Jahn-Teller Defects in Solids: Integrated Infinite-mode Coupling Theory and Applications

Transition metals (TM), with their flexible chemistry and rich physics, are among the most versatile dopants for semiconductors to achieve exotic functionalities that would not be possible otherwise. Unfortunately, an accurate understanding of TM defects in semiconductors is often hampered by a multitude of challenges such as strong Coulomb correlations and the Jahn-Teller (JT) effect. Unlike in the case of molecular systems, JT defects in solids in principle involve an infinite number of phonon modes, and theory needs to go beyond the conventional few-mode JT models. Herein, we develop an integrated infinite-mode theory for treating JT defects in solids with quadratic coupling effects included and apply the theory to Ni doped CdS. Doping Ni in CdS has been shown to improve its photocatalytic activities, but the underlying mechanism is still not understood.
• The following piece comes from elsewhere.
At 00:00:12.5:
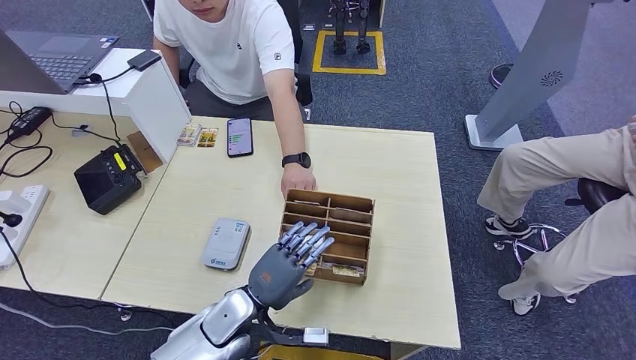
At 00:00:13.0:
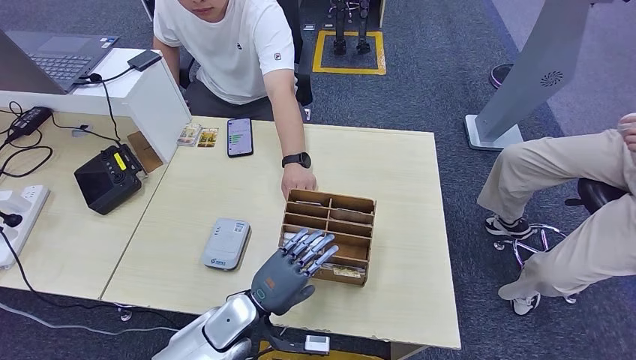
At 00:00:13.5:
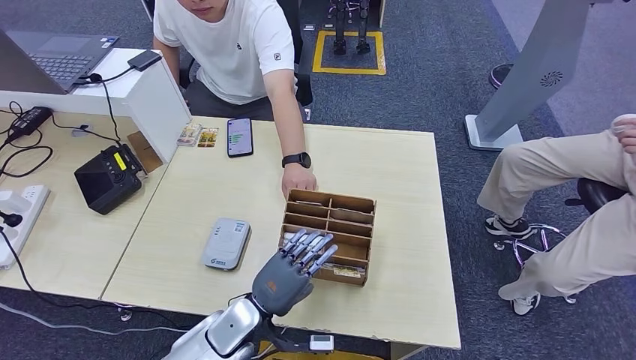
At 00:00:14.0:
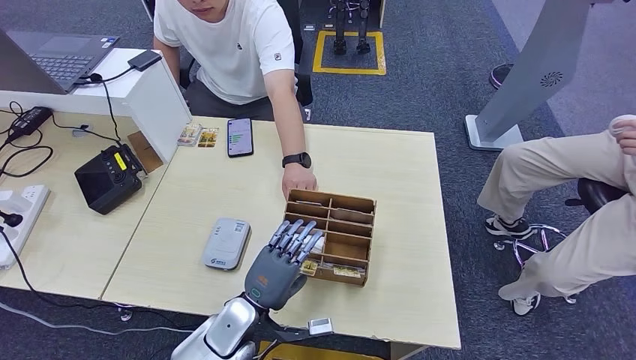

We find that the interplay among crystal-field splitting, JT distortion and on-site Coulomb correlation results in the appearance of active defect states near the conduction band edge. Therefore, introducing Ni dopants in CdS may not only provide reaction sites but also introduce near-edge electronic states that can enhance photo-absorption or fine tune the band edge position for selective photocatalytic reactions.